Right on, Observer – mindless budget, financial nightmare
Dear Editor,
Your editorial of June 7 is very timely and to the point. The budget presented by the government is a budget of surrender and mindlessness. It cannot all be about austerity. Where are the incentives for growing our way out of this crazy situation in which we have found ourselves?
This small country with a 1.7-trillion debt per capita must rank us as one of the most indebted country in the world.
This debt is so huge it cannot be retired through the cutting of a few programmes and making some staff positions redundant.
As a country, we have to grow ourselves out of this albatross of a debt that is hanging around our necks and preventing us from moving forward.
How did we get into this mess? What was all this money – $1.7 trillion – spent on? Is proper accounting available for this expenditure?
This money was obviously not properly spent. One would have thought that borrowed funds would have been used for productive endeavours in order to benefit the country materially and to pay back the creditors.
This certainly was not the case, and as a result, the citizens of the country are being squeezed to the pulp.

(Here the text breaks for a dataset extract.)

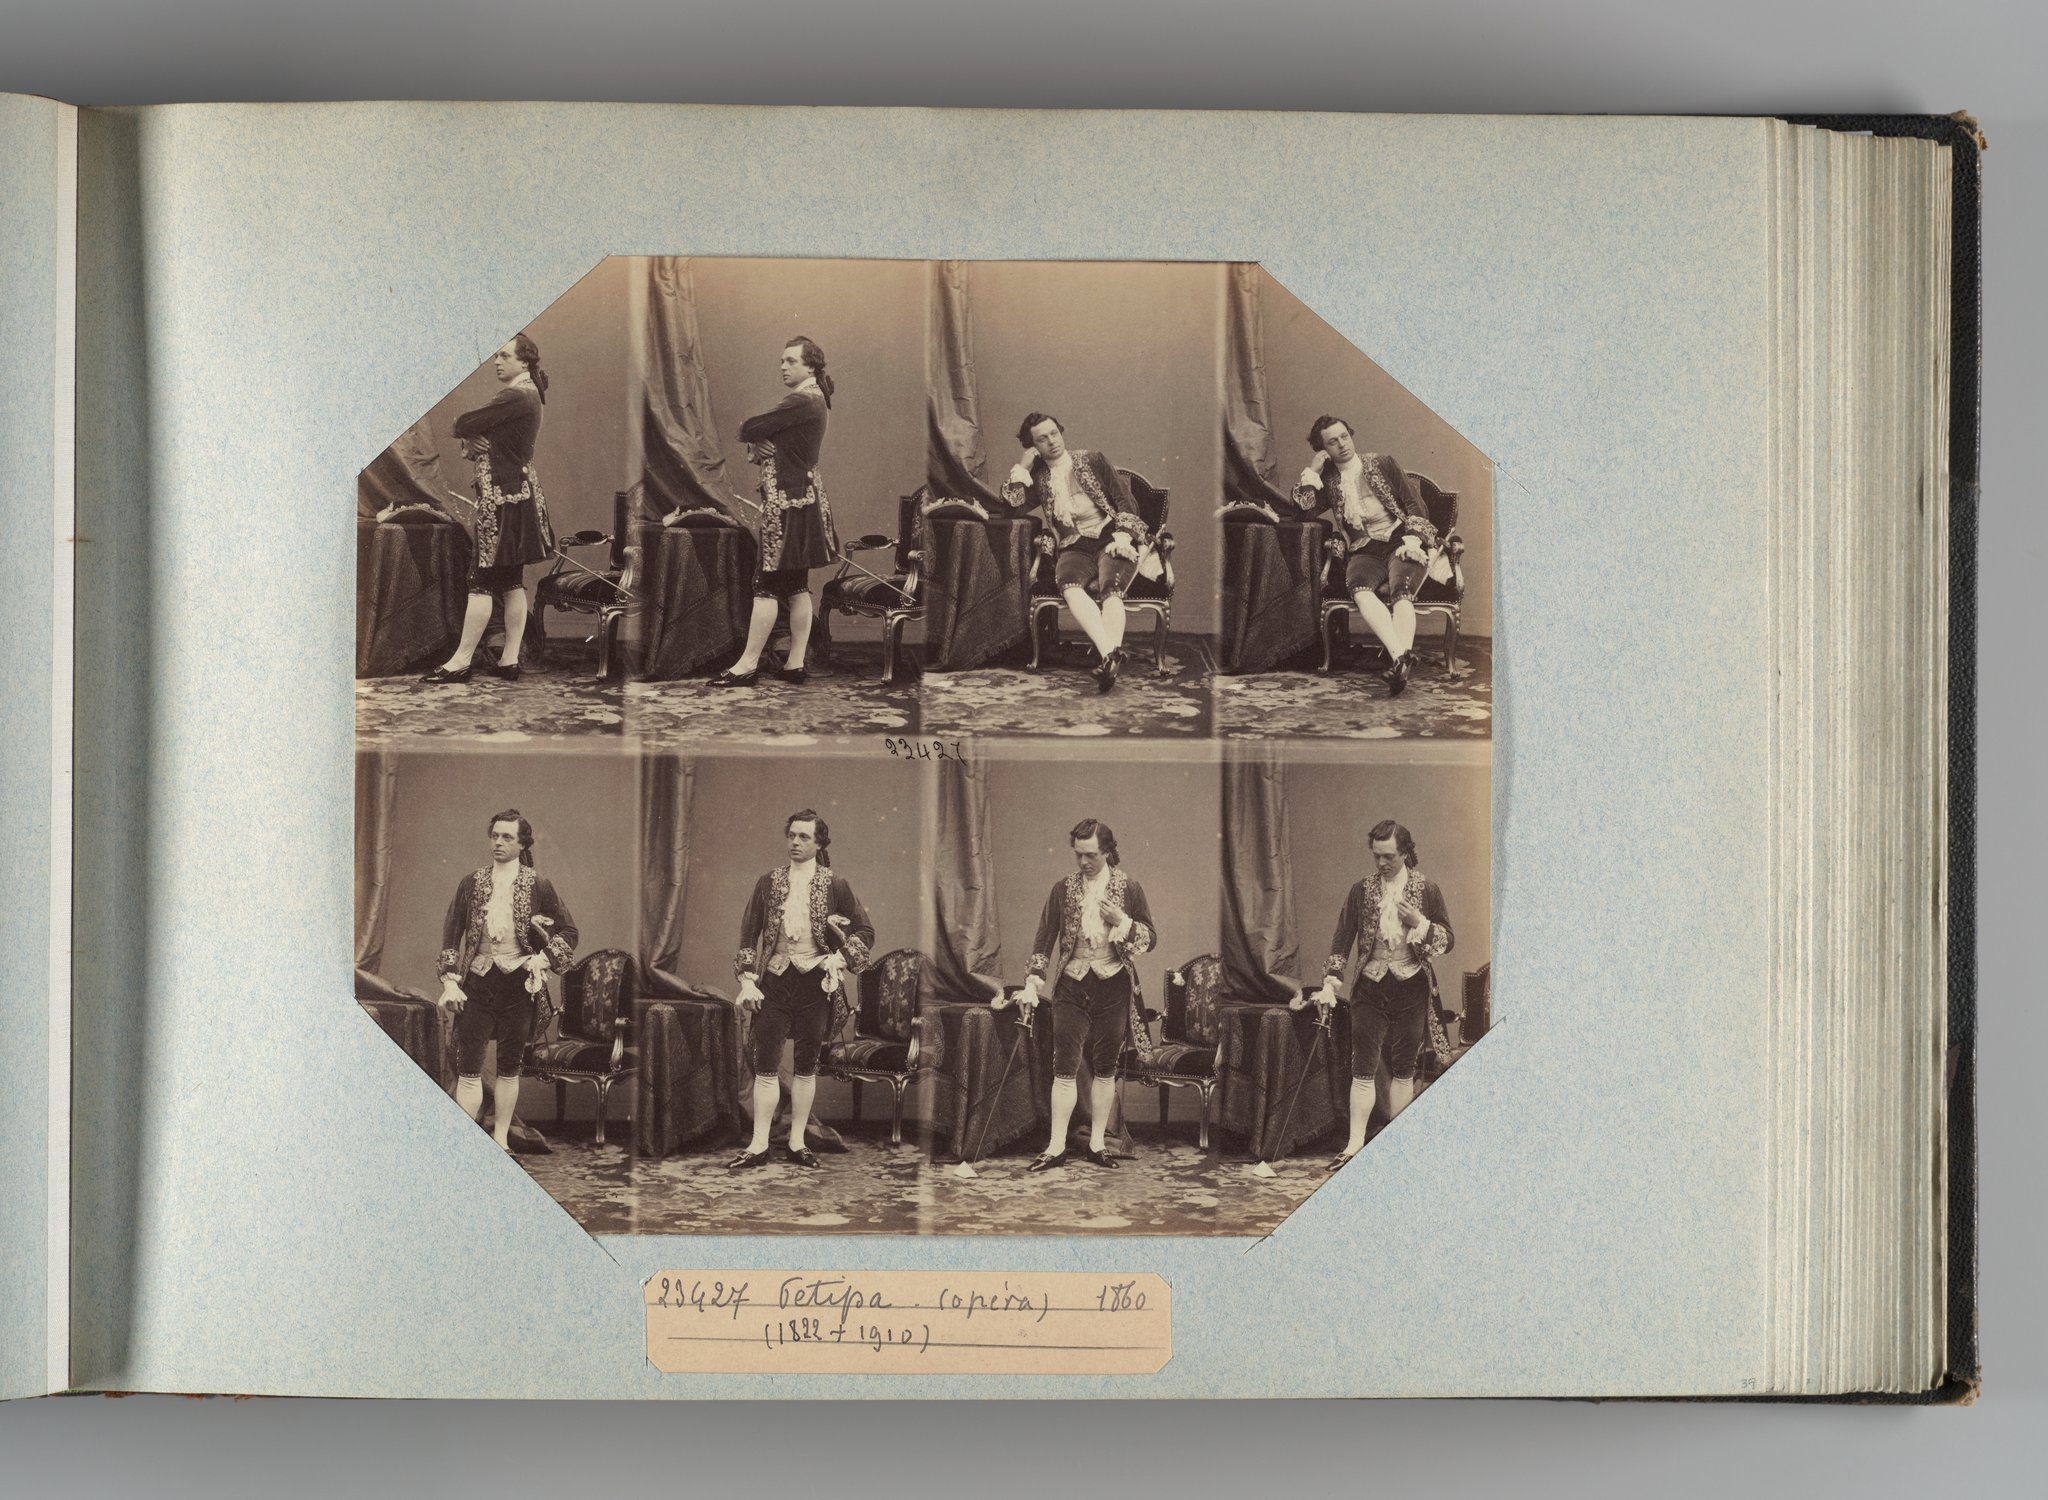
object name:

The country’s infrastructure – roads, water, education, health, etc – all need to be addressed, but because of this colossal debt almost nothing is being done to improve the situation.

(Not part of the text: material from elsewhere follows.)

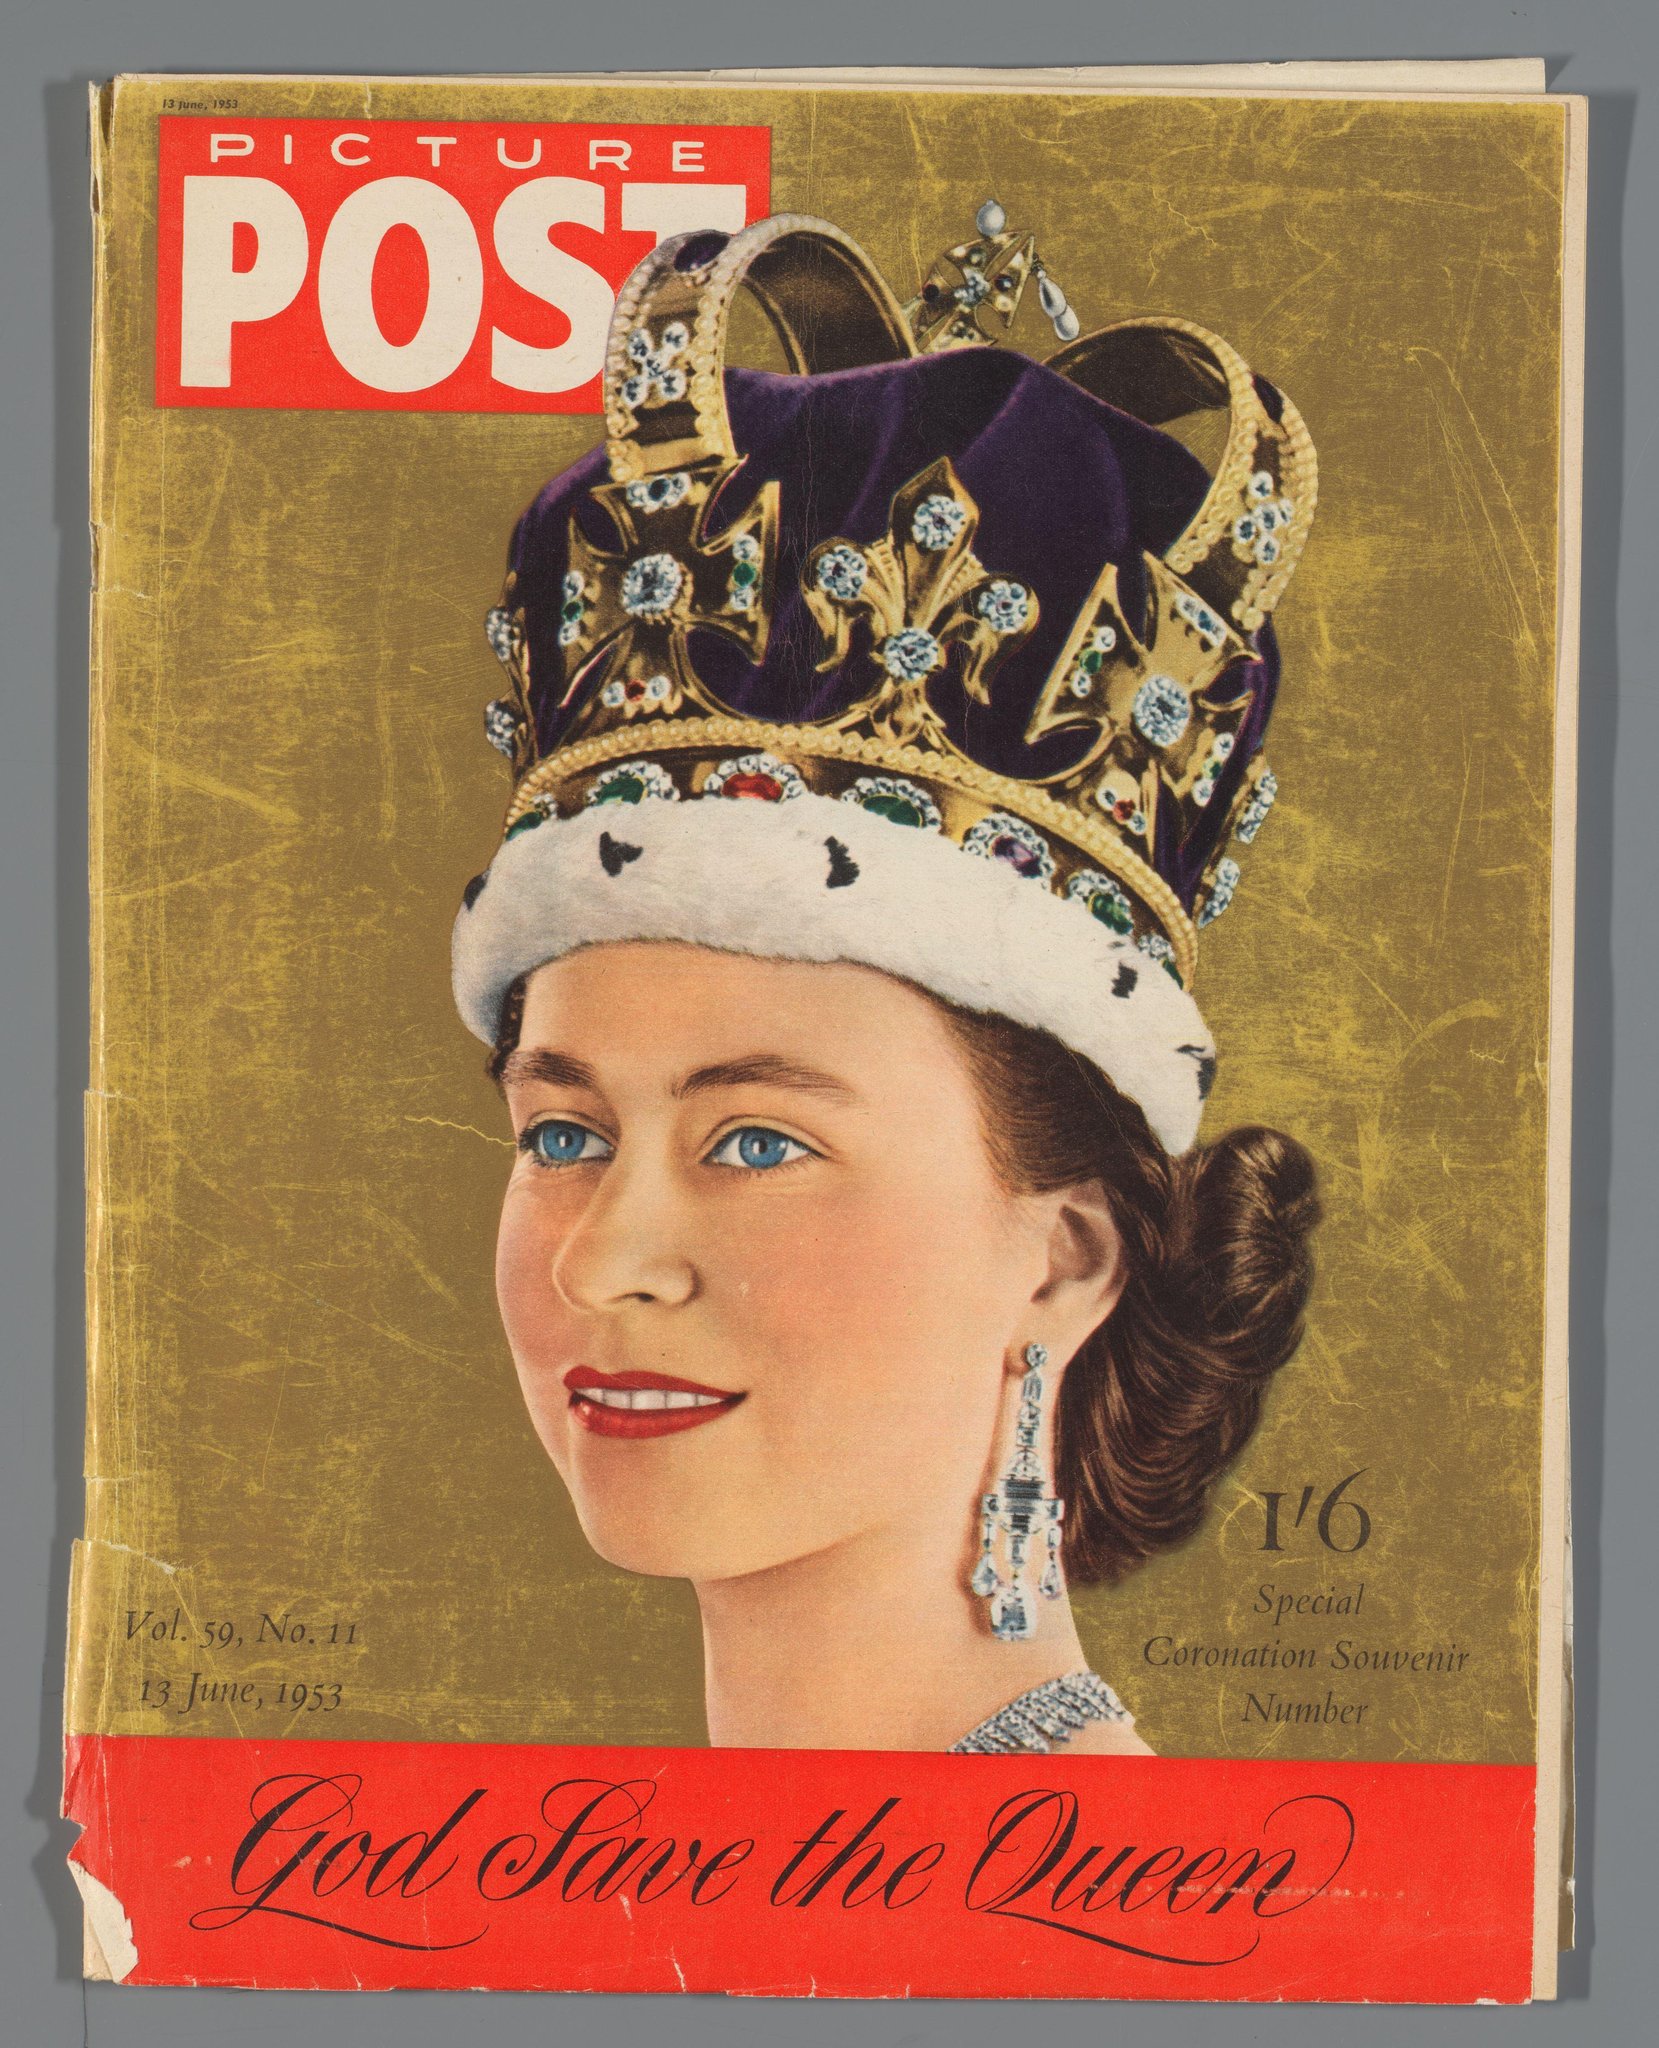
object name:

We have now reached the stage where nobody wants to lend us money anymore. They want to know how such money will be repaid, hence our current standoff with the IMF.
As you have so clearly stated in your editorial, if this country is going to climb out of the financial rut into which we have now found ourselves, the leadership of the country has to summon the people to rise up and unleash their productive talents and genius to rescue us from the current financial nightmare.